Data Science

# How to Predict Room Occupancy Based on Environmental Factors

Small computers, such as Arduino devices, can be used within buildings to record environmental variables from which simple and useful properties can be predicted.

One example is predicting whether a room or rooms are occupied based on environmental measures such as temperature, humidity, and related measures.

This is a type of common time series classification problem called room occupancy classification.

In this tutorial, you will discover a standard multivariate time series classification problem for predicting room occupancy using the measurements of environmental variables.

After completing this tutorial, you will know:

• The Occupancy Detection standard time series classification problem in machine learning.
• How to load and visualize multivariate time series classification data.
• How to develop simple naive and logistic regression models that achieve nearly perfect skill on the problem.

Let’s get started.

## Tutorial Overview

This tutorial is divided into four parts; they are:

1. Occupancy Detection Problem Description
2. Data Visualization
3. Concatenated Dataset
4. Simple Predictive Models

## Occupancy Detection Problem Description

A standard time series classification data set is the “Occupancy Detection” problem available on the UCI Machine Learning repository.

It is a binary classification problem which requires that an observation of environmental factors such as temperature and humidity be used to classify whether a room is occupied or unoccupied.

It appears that the data was originally recorded by Zheng Yang, et al. at University of Southern California and described in their 2012 paper “A Multi-Sensor Based Occupancy Estimation Model for Supporting Demand Driven HVAC Operations“.

In the paper, they describe the use of two Arduino units to collect sensor data across multiple research labs over 20 days.

The sensor data was collected for 20 consecutive days, starting from 00:00 AM, Sep. 12th to 00:00 AM, Oct. 1st.
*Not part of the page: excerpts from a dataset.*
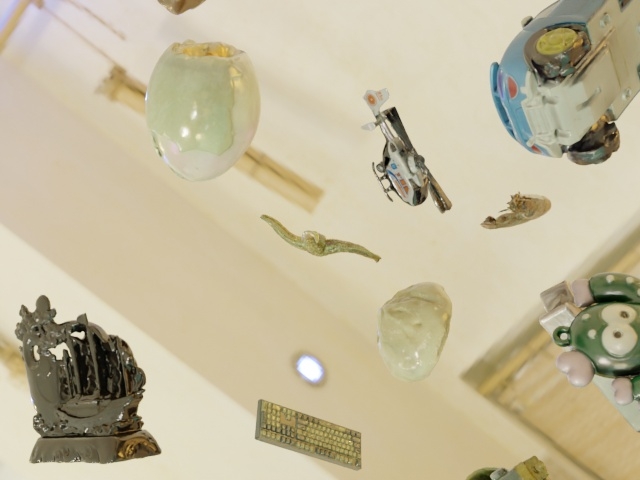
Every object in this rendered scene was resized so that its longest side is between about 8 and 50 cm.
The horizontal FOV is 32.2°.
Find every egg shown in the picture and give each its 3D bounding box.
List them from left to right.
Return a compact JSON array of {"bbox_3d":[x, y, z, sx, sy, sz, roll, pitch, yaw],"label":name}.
[{"bbox_3d":[-0.185,-0.198,1.743,0.183,0.183,0.217,-65,-17,-66],"label":"egg"}]

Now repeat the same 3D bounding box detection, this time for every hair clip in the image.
[{"bbox_3d":[0.517,0.213,2.022,0.085,0.331,0.101,-28,25,29],"label":"hair clip"}]

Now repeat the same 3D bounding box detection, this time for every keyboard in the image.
[{"bbox_3d":[-0.013,0.260,1.475,0.014,0.176,0.055,-31,46,42],"label":"keyboard"}]

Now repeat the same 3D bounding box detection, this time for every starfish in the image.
[{"bbox_3d":[-0.001,0.002,1.906,0.217,0.223,0.050,-107,40,-81],"label":"starfish"}]

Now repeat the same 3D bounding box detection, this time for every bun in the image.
[{"bbox_3d":[0.145,0.144,1.853,0.183,0.102,0.183,-161,90,-76],"label":"bun"}]

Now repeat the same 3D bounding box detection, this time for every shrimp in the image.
[{"bbox_3d":[0.380,-0.053,2.182,0.143,0.052,0.251,-24,-16,15],"label":"shrimp"}]

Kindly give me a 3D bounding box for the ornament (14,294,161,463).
[{"bbox_3d":[-0.359,0.205,1.660,0.251,0.260,0.106,-7,0,38],"label":"ornament"}]

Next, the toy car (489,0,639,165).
[{"bbox_3d":[0.351,-0.255,1.476,0.166,0.198,0.314,21,63,43],"label":"toy car"}]

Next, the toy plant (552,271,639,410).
[{"bbox_3d":[0.511,0.164,1.857,0.232,0.243,0.112,-57,-27,-25],"label":"toy plant"}]

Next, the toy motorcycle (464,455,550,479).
[{"bbox_3d":[0.359,0.508,1.978,0.168,0.237,0.410,-33,-11,-10],"label":"toy motorcycle"}]

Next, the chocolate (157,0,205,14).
[{"bbox_3d":[-0.262,-0.468,1.791,0.148,0.214,0.093,-41,-11,-43],"label":"chocolate"}]

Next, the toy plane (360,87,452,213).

At a one-minute sampling rate, after excluding all corrupted data points due to wireless connection breaks, a total of 25,898 data points were collected in both labs.

Their objective of the original project appeared to estimate the total occupancy of the rooms based on the sensor data.

Arduino Black Widow Sensor Node
Taken from “A Multi-Sensor Based Occupancy Estimation Model for Supporting Demand Driven HVAC Operations”

The data was somehow retrieved, restructured, and made available on the UCI website. The number of observations and dates don’t appear to match the original paper. It is quite possible that the source paper is unrelated or only partially related to the dataset.

Data is provided with date-time information and six environmental measures taken each minute over multiple days, specifically:

• Temperature in Celsius.
• Relative humidity as a percentage.
• Light measured in lux.
• Carbon dioxide measured in parts per million.
• Humidity ratio, derived from temperature and relative humidity measured in kilograms of water vapor per kilogram of air.
• Occupancy as either 1 for occupied or 0 for not occupied.

This dataset has been used in many simple modeling machine learning papers. For example, see the paper “Visible Light Based Occupancy Inference Using Ensemble Learning,” 2018 for further references.

## Data Visualization

The data is available in CSV format in three files, claimed to be a split of data for training, validation and testing.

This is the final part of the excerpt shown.